Love for the most part is not love but lust
Cardenio: Shakespeare's "Lost Play" Re-Imagined (Gregory Doran, Antonio Alamo)
The More Bard the Better
As part of our ongoing effort to bring you the most current reporting from the world of literature, Message in a Bottle shares with you today a story about the latest work from one of today's hottest writers. We're talking, of course, about that up-and-coming poet and playwright William Shakespeare. What's new about this very old author? A professor at the University of Texas is attesting that Shakespeare contributed a few hundred lines of verse to Thomas Kyd's The Spanish Tragedy. According to this researcher, awkward expressions in these lines are the result of typesetting errors, mistakes that perfectly match those that other compositors made from known samples of Shakespeare's handwriting.

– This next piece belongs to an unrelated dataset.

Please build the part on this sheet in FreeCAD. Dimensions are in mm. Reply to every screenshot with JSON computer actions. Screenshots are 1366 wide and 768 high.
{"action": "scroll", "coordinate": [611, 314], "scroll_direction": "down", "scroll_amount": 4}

Fairly abstruse stuff that might not stand up to scrutiny alone, but the study supports earlier claims. Those were based on language analysis of the kind that revealed the author of the anonymously published Primary Colors (and is also regularly used to detect student plagiarism). Together, it's enough evidence to convince the Royal Shakespeare Company. They've added The Spanish Tragedy to their forthcoming anthology Collaborative Plays, which contains what we might call the Outer Canon, those dramatic works that orbit around the core Shakespearean planets.

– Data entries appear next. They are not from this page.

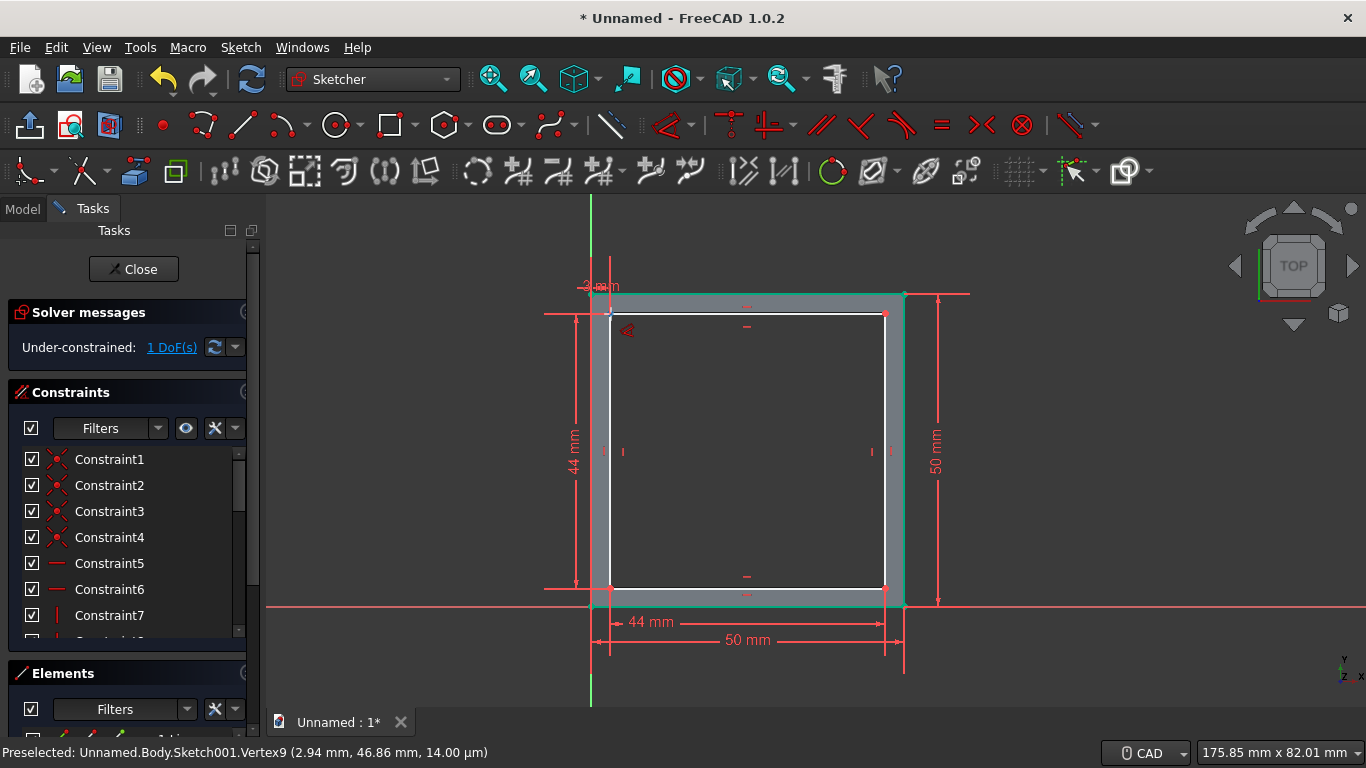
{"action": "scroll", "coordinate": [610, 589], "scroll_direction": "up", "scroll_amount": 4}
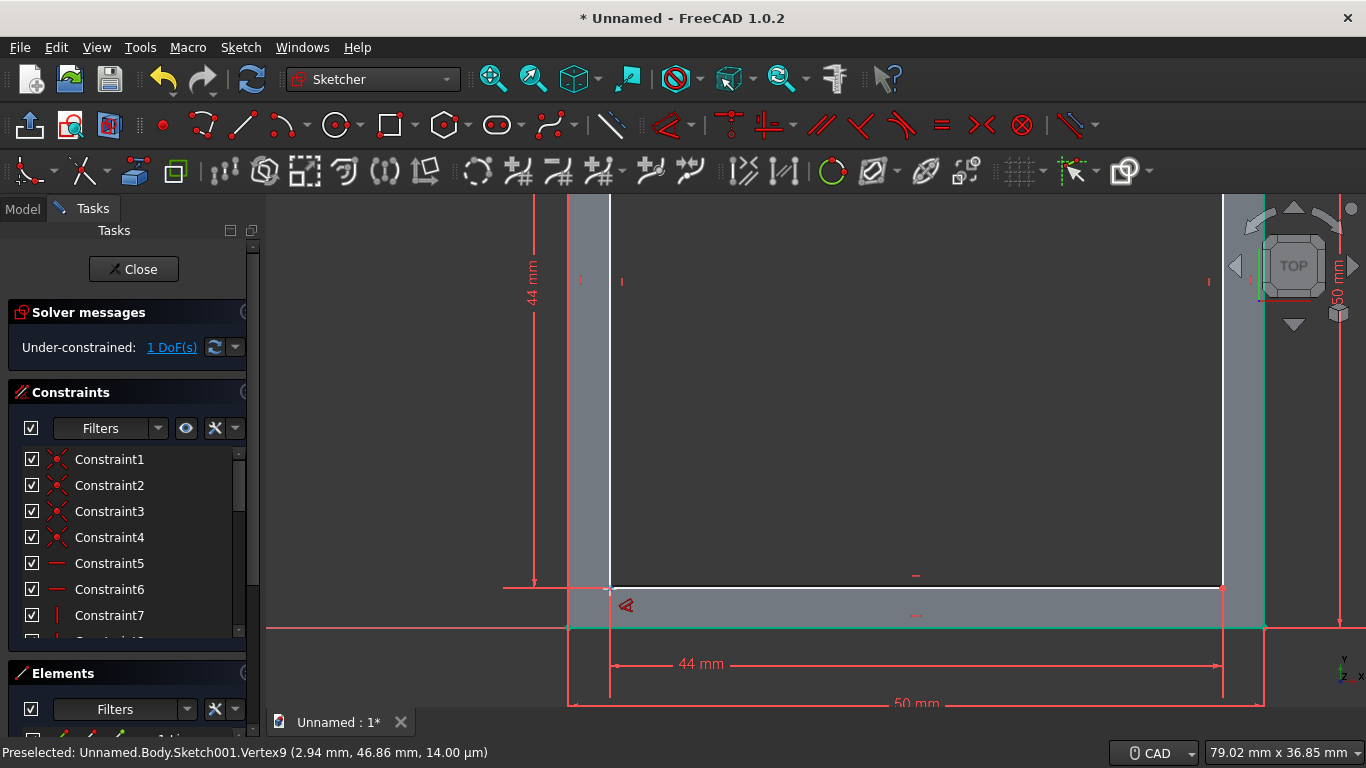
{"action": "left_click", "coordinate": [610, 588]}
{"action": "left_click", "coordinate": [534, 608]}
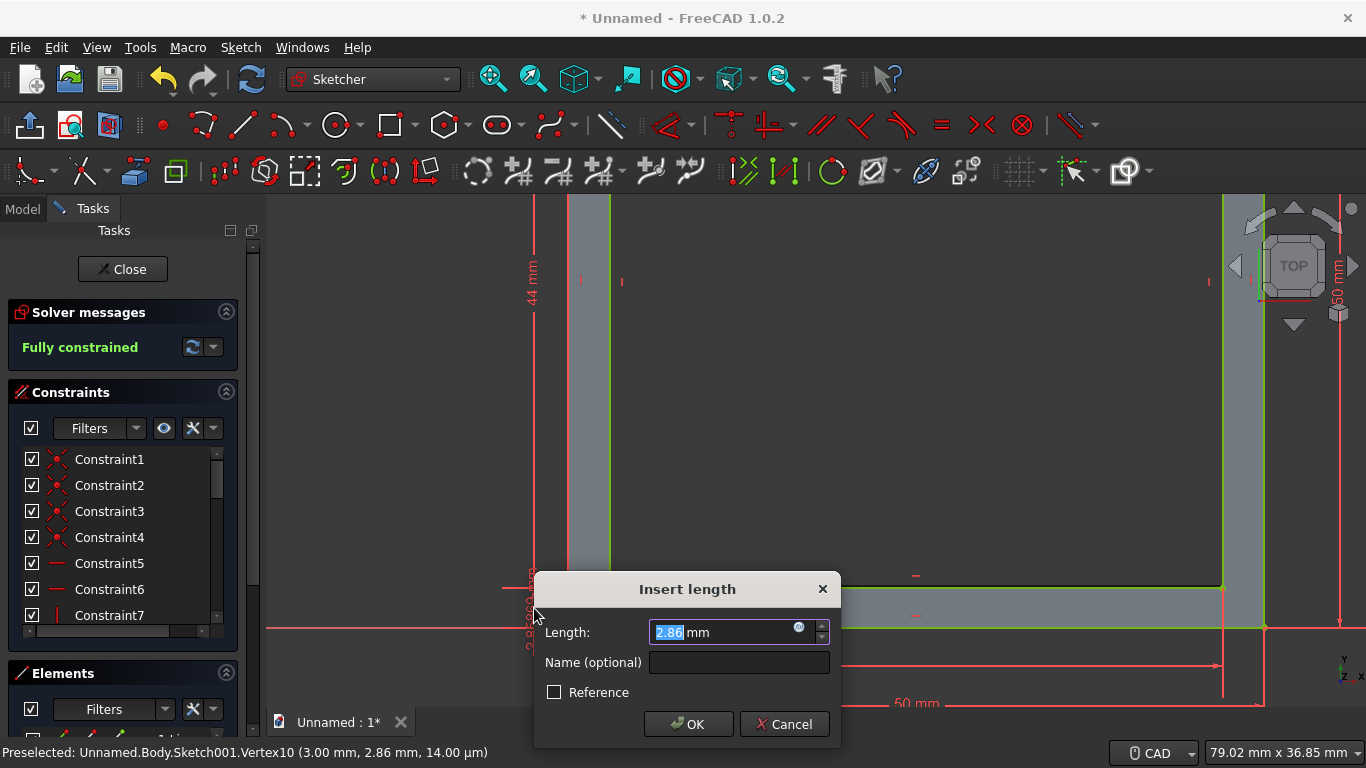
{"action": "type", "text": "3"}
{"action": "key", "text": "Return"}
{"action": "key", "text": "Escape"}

If you're not the sort of person who wears a doublet on weekends or carries a souvenir bodkin, you might not know, but the list of dramas at least partially attributed to the man from Stratford has grown significantly in recent years. Aside from this most recent one, there are:
Double Falsehood, inspired by an episode from Don Quixote
Arden of Faversham, a tale of adulterous murder
Edward III, about the king who instigated the Hundred Years War
Sir Thomas More, the extant manuscript of which includes a scene allegedly inscribed by Shakespeare himself
There are several other plays with more doubtful, though still arguable, attributions. And the classic oeuvre isn't just being altered through addition, but also via subtraction. Scholars are carefully teasing the contributions of other authors out of plays such as Timon of Athens, Pericles, and Titus Andronicus, showing that Shakespeare wasn't as solitary a genius as previously thought. He wasn't averse to running around with thugs, in fact.
              What I like about this line of study isn't the opportunity to nitpick the authorship of individual lines, but how it enriches our understanding of the Elizabethan-Jacobean theatrical milieu. That environment, equally devoted to commerce and art, was the perfect cradle for Shakespeare's talents. He stands out in a crowd of other brilliant writers, and he'd never have reached the heights he did without them. Stanley Wells paints their portraits in his Shakespeare & Co., mapping out the web of cooperation and competition that connected these creative characters.
Ben Jonson was the stepson of a bricklayer who killed a man in a duel, but rose to become the best-known author in the land and the official entertainer of the king. Shakespeare is known to have acted in his Every Man in His Humour. Christopher Marlowe introduced blank verse to the English stage, and was almost certainly a spy for Elizabeth I. Thomas Kyd was a one-time roommate of his and was tortured to reveal damning information about him. Marlowe was killed shortly afterward in mysterious circumstances. The era was full of personality and a hotbed of intrigue; the collective story of these entertainers' lives is at least as interesting as the plays they wrote.